Scott Franklin is an American film producer. Born and raised in New York, Franklin continues to work there as a producer with Darren Aronofsky at Protozoa Pictures. He is an Oscar nominee for his work on Black Swan and a two time recipient of the Independent Spirit Award for Best Picture.

== Early life ==
Franklin grew up in Bellmore, New York on Long Island where he wrestled at Kennedy High School. He continued his education at Ohio State University, where he studied Communications

== Career ==
After college, Franklin worked briefly in Los Angeles until he decided to return home to New York for an unpaid Associate Producer position on Pi. This collaboration initiated a long-time working relationship between Franklin and director Darren Aronofsky, for whom he produced five more films.
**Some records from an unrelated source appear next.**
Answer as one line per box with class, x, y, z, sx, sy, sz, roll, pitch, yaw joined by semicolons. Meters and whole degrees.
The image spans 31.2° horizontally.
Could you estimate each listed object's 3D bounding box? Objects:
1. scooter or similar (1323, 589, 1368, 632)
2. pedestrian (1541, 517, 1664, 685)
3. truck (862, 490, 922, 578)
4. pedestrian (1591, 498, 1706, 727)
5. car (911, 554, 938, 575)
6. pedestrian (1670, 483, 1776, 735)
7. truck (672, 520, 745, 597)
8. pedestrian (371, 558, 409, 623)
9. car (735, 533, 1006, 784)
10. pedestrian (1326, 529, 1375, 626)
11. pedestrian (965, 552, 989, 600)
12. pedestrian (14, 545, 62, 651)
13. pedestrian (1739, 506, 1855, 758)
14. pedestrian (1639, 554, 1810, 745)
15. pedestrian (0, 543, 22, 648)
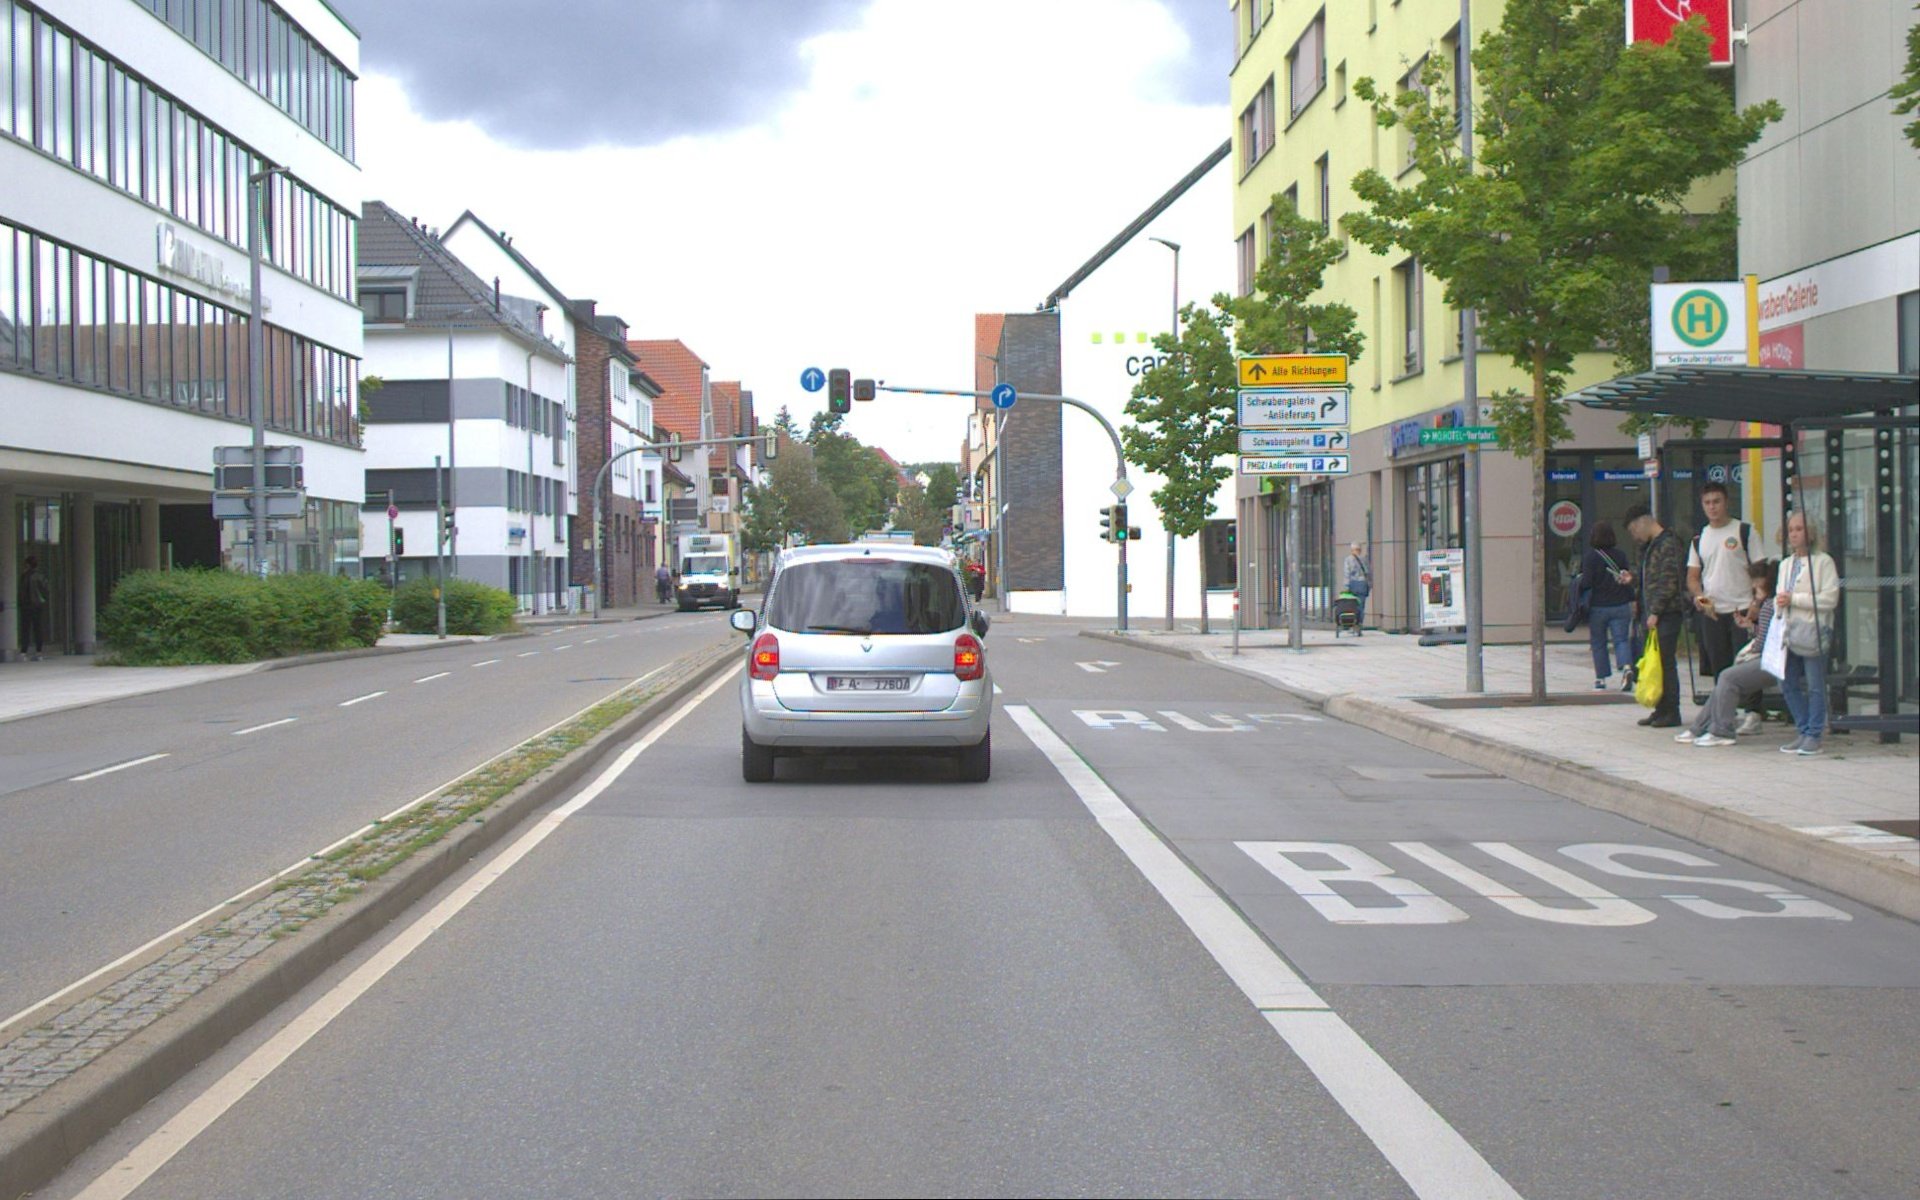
scooter or similar;6.356;0.176;56.718;0.592;0.670;0.824;-2;1;-2
pedestrian;6.167;0.006;33.062;0.947;1.578;1.016;-1;1;-2
truck;-3.033;-2.962;154.631;2.595;3.844;6.849;0;1;-1
pedestrian;5.177;0.088;25.869;0.721;1.678;0.732;-2;1;4
car;-2.402;-2.421;235.521;1.812;1.349;4.000;-1;1;0
pedestrian;5.467;0.058;24.649;0.579;1.763;0.856;-2;1;4
truck;-9.867;-1.631;135.474;2.435;2.943;8.365;0;1;-1
pedestrian;-14.987;-0.245;90.478;0.881;1.664;0.814;0;3;-3
car;-0.620;0.347;24.083;1.706;1.573;4.000;1;1;-1
pedestrian;6.520;-0.383;57.437;0.695;1.588;0.603;-2;1;-2
pedestrian;0.631;-0.923;131.218;0.807;1.781;0.861;-3;1;0
pedestrian;-15.005;-0.040;55.964;0.613;1.704;0.506;-1;1;-31
pedestrian;5.406;0.200;22.226;0.579;1.585;0.732;-2;1;4
pedestrian;5.214;0.326;23.477;0.942;1.255;0.733;-2;1;-4
pedestrian;-15.829;-0.076;56.452;0.505;1.724;0.614;0;1;30

Franklin has also developed and produced several other films at Protozoa Pictures, including Jackie and White Boy Rick.

== Filmography ==
Producer
- Pi (1998) (Associate Producer)
- Requiem for a Dream (2000) (Co-Producer)
- Hounddog (2007)
- The Wrestler (2008)
- Black Swan (2010)
- 2 Days in New York (2012)
- Noah (2014)
- Jackie (2016)
- Aftermath (2017)
- mother! (2017)
- White Boy Rick (2018)
- Tuscaloosa (2019)
- The Good Nurse (2022)

Executive Producer
- W.E. (2011)
- Zipper (2015)

== Honors ==
In 2009, Franklin won the Independent Spirit Award for Best Picture for his work on The Wrestler. He reprised the win two years later in 2011 for his work on Black Swan. Franklin's contribution to Black Swan also earned him an Academy Award nomination for Best Picture, a BAFTA nomination for Best Film, and a Golden Globe nomination for Best Motion Picture - Drama.

In 2017 Franklin was nominated for another Independent Spirit Award for Best Picture for his work on Jackie.